What this wiki does not cover

  • Training. Inference only. Training has its own concerns (gradient communication, mixed-precision optimizers, fault recovery) that don't apply here.
  • Multi-node. Single-node only. The interconnect story changes substantially when you cross a network boundary.
  • Hopper, Ampere, or earlier. Mentioned for contrast but not the focus.
  • AMD, Intel, or non-NVIDIA GPUs. The kernel-library and ISA story is NVIDIA-specific.
  • Specific commercial products or buying advice. This is technical, not a recommendation.

Audience

The wiki is written for one of three reader types, in order of how much benefit they'll get:

  1. An ML engineer holding a workstation Blackwell card trying to understand why model-X-from-the-frontier-lab won't run, or runs at 5 % of the throughput it "should." You'll want to read top-to-bottom.
  2. A CUDA developer porting kernels between datacenter and consumer Blackwell. Skip to Blackwell and Kernels.
  3. A systems researcher or curious reader who wants to understand what happened at the Blackwell-generation boundary and why "the same architecture" produced two different ISAs. The case studies are the most interesting part.

How to read it

Three suggested paths through the material:

Linear (~3–4 hours): Start at Fundamentals and read every page in the sidebar order. By the end you'll be able to read a CUTLASS issue tracker thread and understand it without a glossary.

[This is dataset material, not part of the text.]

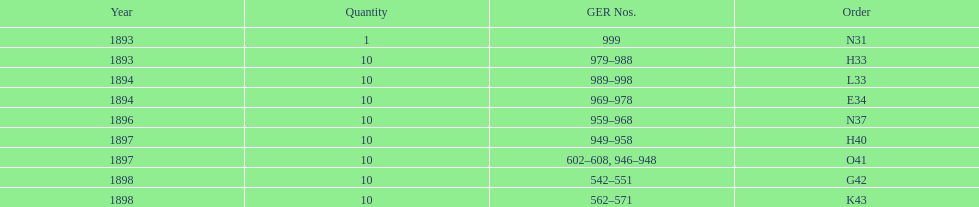Which had more ger numbers, 1898 or 1893? 1898. 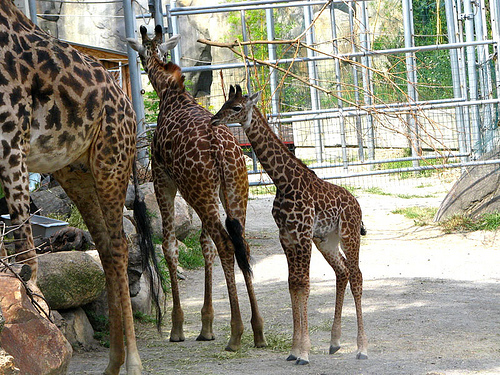How many giraffe heads are visibly looking away from the camera? 1

Top-down (~1 hour): Read this overview, then Architecture (the one-page map), then jump to the case study for whichever model you actually care about, then back-fill prerequisites as needed.

Reference (~5 minutes per lookup): Use the Glossary and Reference index like a man-page.

A note on dates

The wiki reflects the state of the open-source GPU-inference ecosystem as of early 2026. Specific kernel-library version numbers (CUTLASS 3.x, sglang 0.5.x, FlashInfer 0.6.x) and PTX ISA version (8.5) are pinned in the text where they matter. Treat anything that says "as of 2026" as a snapshot, not a permanent truth — these libraries change every few weeks.


Source on GitHub. MIT-licensed.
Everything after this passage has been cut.